Reviews > Published on March 14th, 2017

Bookshots: "The Vine That Ate The South" by J.D. Wilkes

Bookshots: Pumping new life into the corpse of the book review


Title:

The Vine That Ate The South

Who wrote it?

J.D. Wilkes, an author, visual artists, filmmaker, and frontman for the Legendary Shack Shakers.

Plot in a box:

Wilkes has a unique voice that sounds like the best dirty songs of a gun-toting madman obsessed with keeping listeners glued to his every word...This is a hell of a book...

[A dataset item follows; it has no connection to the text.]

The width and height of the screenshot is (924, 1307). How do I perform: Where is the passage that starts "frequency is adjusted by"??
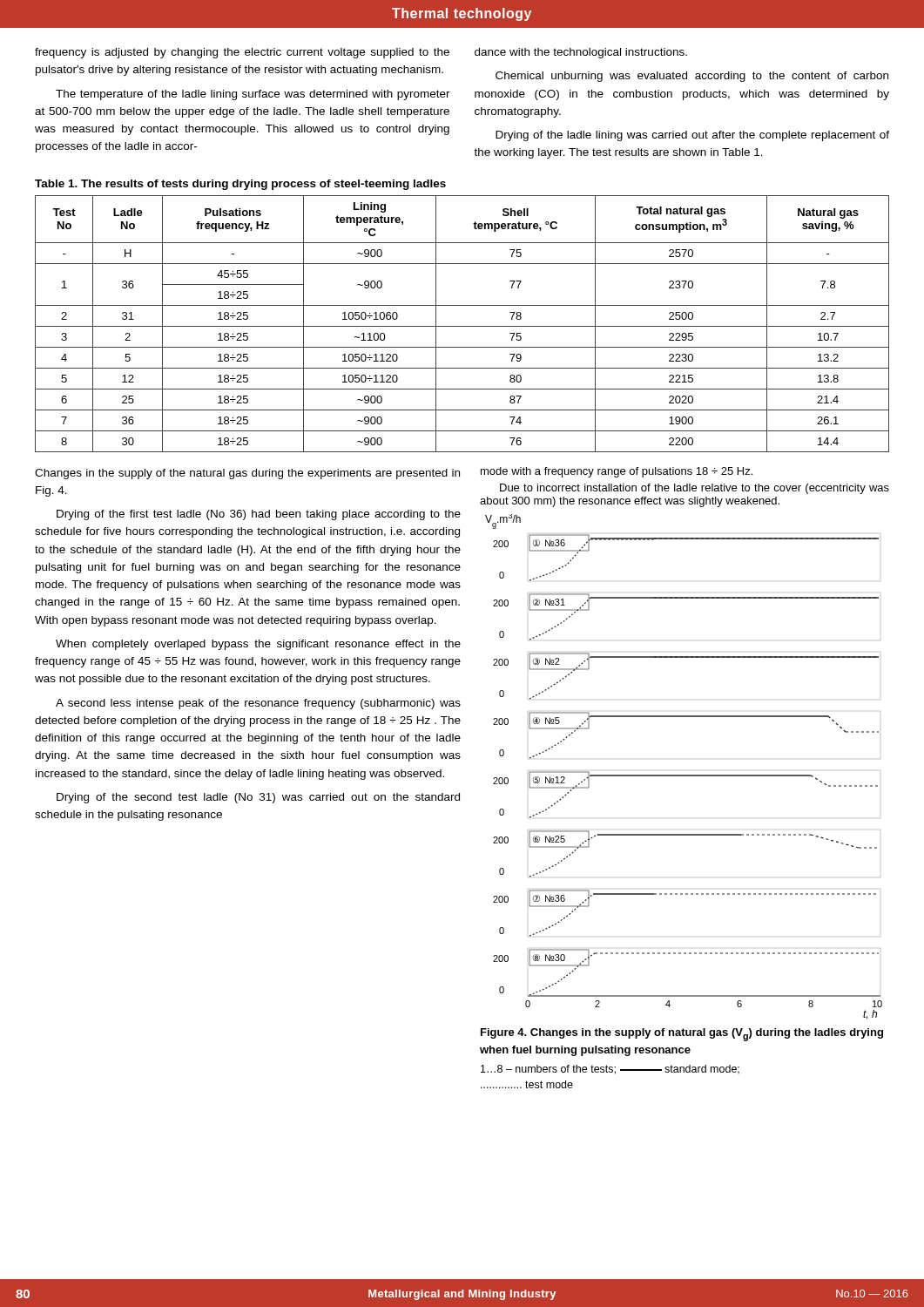[x=242, y=100]

A man gets help from a truly weird hillbilly guide and enters a forest known as The Deadening in a quest to find the bones of an old couple who were killed by kudzu and still hang from a tree.

Invent a new title for this book:

Vines and Haints

Read this if you like(d):

Books that walk a fine line between humor, literary fiction, and bizarro, Haints Stay by Colin Winnette, and the novels of Joe Lansdale.

Meet the book’s lead(s):

J.D., a man on a mission of love who wants to find a legendary house and the bones that come with it.

Carver Canute, a funny, fast-talking guide who also happens to be a criminal, superb storyteller, heavy drinker, vandal, and fighter, to name a few things.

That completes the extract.